### [Task to complete]
Could you output each record below exactly as it stands and leave the pictures out?

### [Given records]
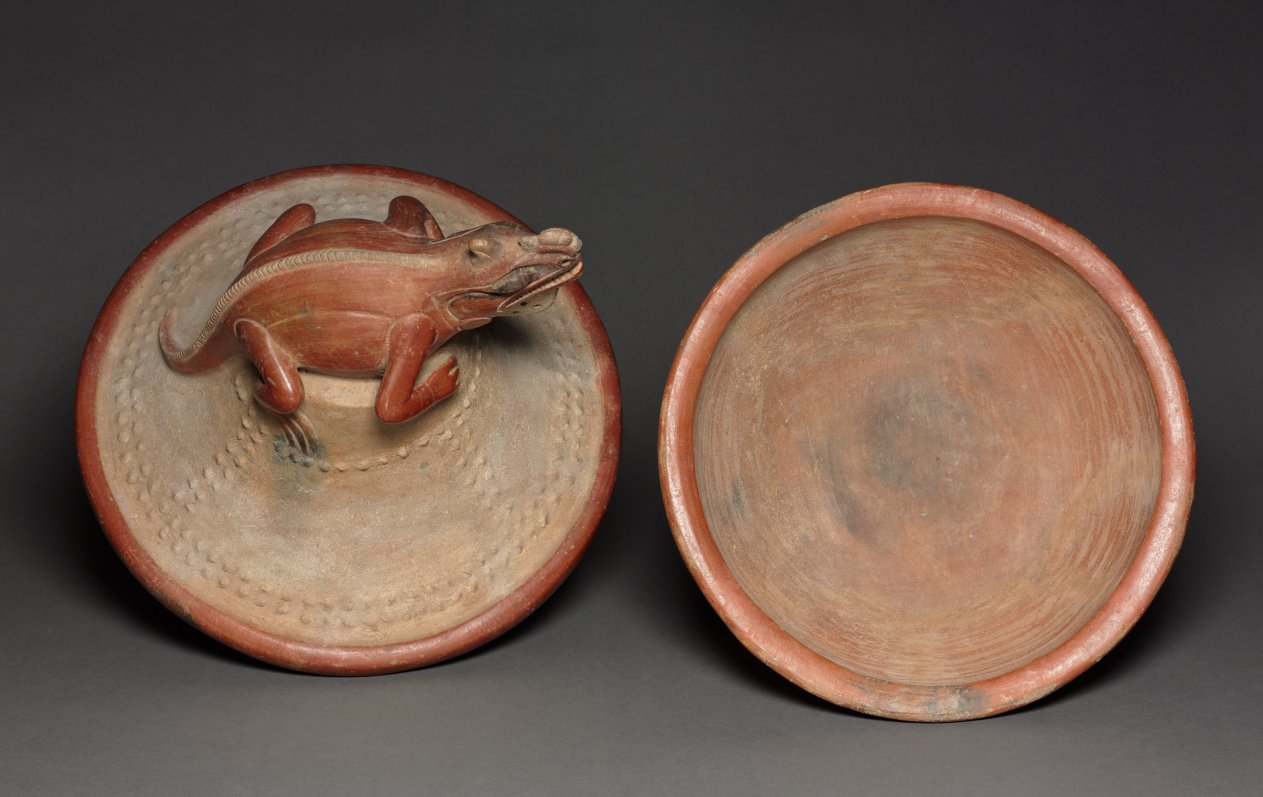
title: Lidded Bowl with Iguana
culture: Costa Rica, Southern Nicoya region
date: c. 600–1100 (Thermoluminescence date, 995–1395)
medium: ceramic, slip
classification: Ceramic
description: At the time of the Spanish conquest in the 16th century, Costa Rican mythology linked iguanas to the sky and to rulers. The earlier makers of this vessel left no written records, but they may have had similar beliefs. The lizard poses as though basking in the sun, a celestial body, and assumes an aggressive stance that could be likened to a ruler's: the teeth and chin under the dewlap are displayed, Also, fine ceramics like this were buried in the graves of the high-status dead, some of them certainly leaders of the several groups that competed in the area.
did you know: Green iguanas can grow to be over 6 feet long.

### [Task output]
title: Lidded Bowl with Iguana
culture: Costa Rica, Southern Nicoya region
date: c. 600–1100 (Thermoluminescence date, 995–1395)
medium: ceramic, slip
classification: Ceramic
description: At the time of the Spanish conquest in the 16th century, Costa Rican mythology linked iguanas to the sky and to rulers. The earlier makers of this vessel left no written records, but they may have had similar beliefs. The lizard poses as though basking in the sun, a celestial body, and assumes an aggressive stance that could be likened to a ruler's: the teeth and chin under the dewlap are displayed, Also, fine ceramics like this were buried in the graves of the high-status dead, some of them certainly leaders of the several groups that competed in the area.
did you know: Green iguanas can grow to be over 6 feet long.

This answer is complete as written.